Process 50k+ sequences with Blastx for Blast2Go
8.6 years ago
satshil.r ▴ 50

Hey all,

I'm trying to process a large transcriptome fasta file with over 50k sequences (just a bit over 53k). I setup a local blast+ instance and the latest nr database (up to nr.25). I started blastx with the following command: blastx -query fasta.fa -out blastx.xml -outfmt 5 -eval 1e-3 -num_threads 32

So far it's processed only 3500 sequences over 2 days. It's a fairly decent workstation, 2x Xeon E2560 V2's with 128GB of ram. From our previous experience this shouldn't take over a few days, although at this rate it seems like it's going to take a long time. The output is also quite large for only 3500 sequences, it's already at 1.5GB.

How can I optimize blastx for importing into blast2go? I'm currently reading up on how to parallelize blastx, but I'm not sure if there are better options out there.

Thanks!

I started blastx with the following command: blastx -query fasta.fa -out blastx.xml -outfmt 5 -eval 1e-3 -num_threads 32

How is that possible?
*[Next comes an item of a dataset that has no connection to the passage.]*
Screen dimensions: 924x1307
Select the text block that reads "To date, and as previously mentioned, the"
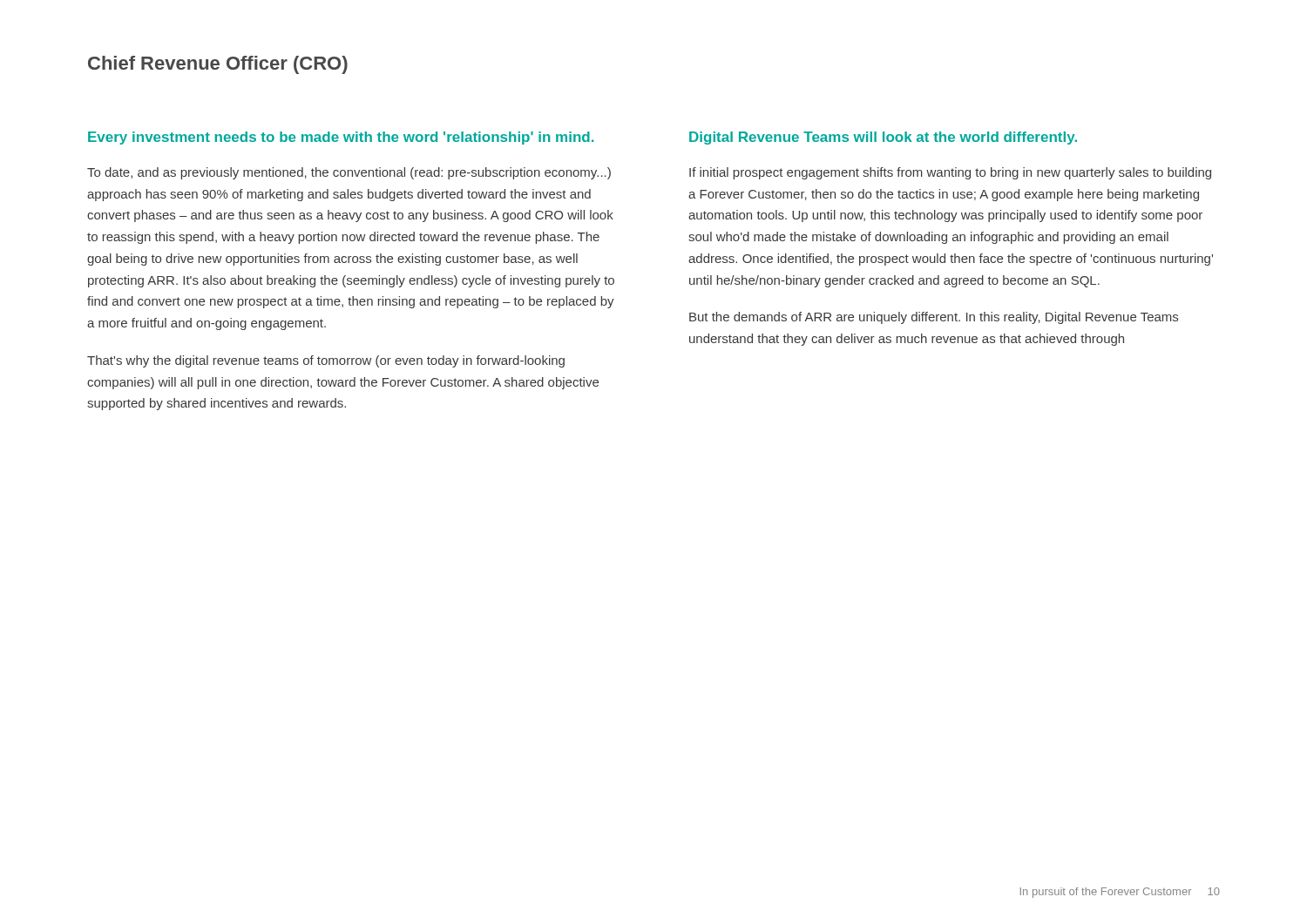[353, 248]

You didn't even define a db. Also, it would make sense to opt for refseq_protein over nr since the non-refseq seqs in nr probably can't be linked to go terms anyway (I could be wrong).

Sorry, I forgot to include that command in this post. I used the nr database in the commands.

8.6 years ago
rtliu ★ 2.2k

My suggestion based on page 10 of blast2go manual

1. use -max_target_seqs 10
2. use -word_size 5 (default 3, more sensitive but slower)

It is a big task, be patient or find to a cluster like TACC. (https://wikis.utexas.edu/display/bioiteam/split_blast)

Thanks for the help!

How long do you expect it should take to finish a job like this?

Hard to say, maybe 5-10 weeks if the workstation is dedicated to the blastx search.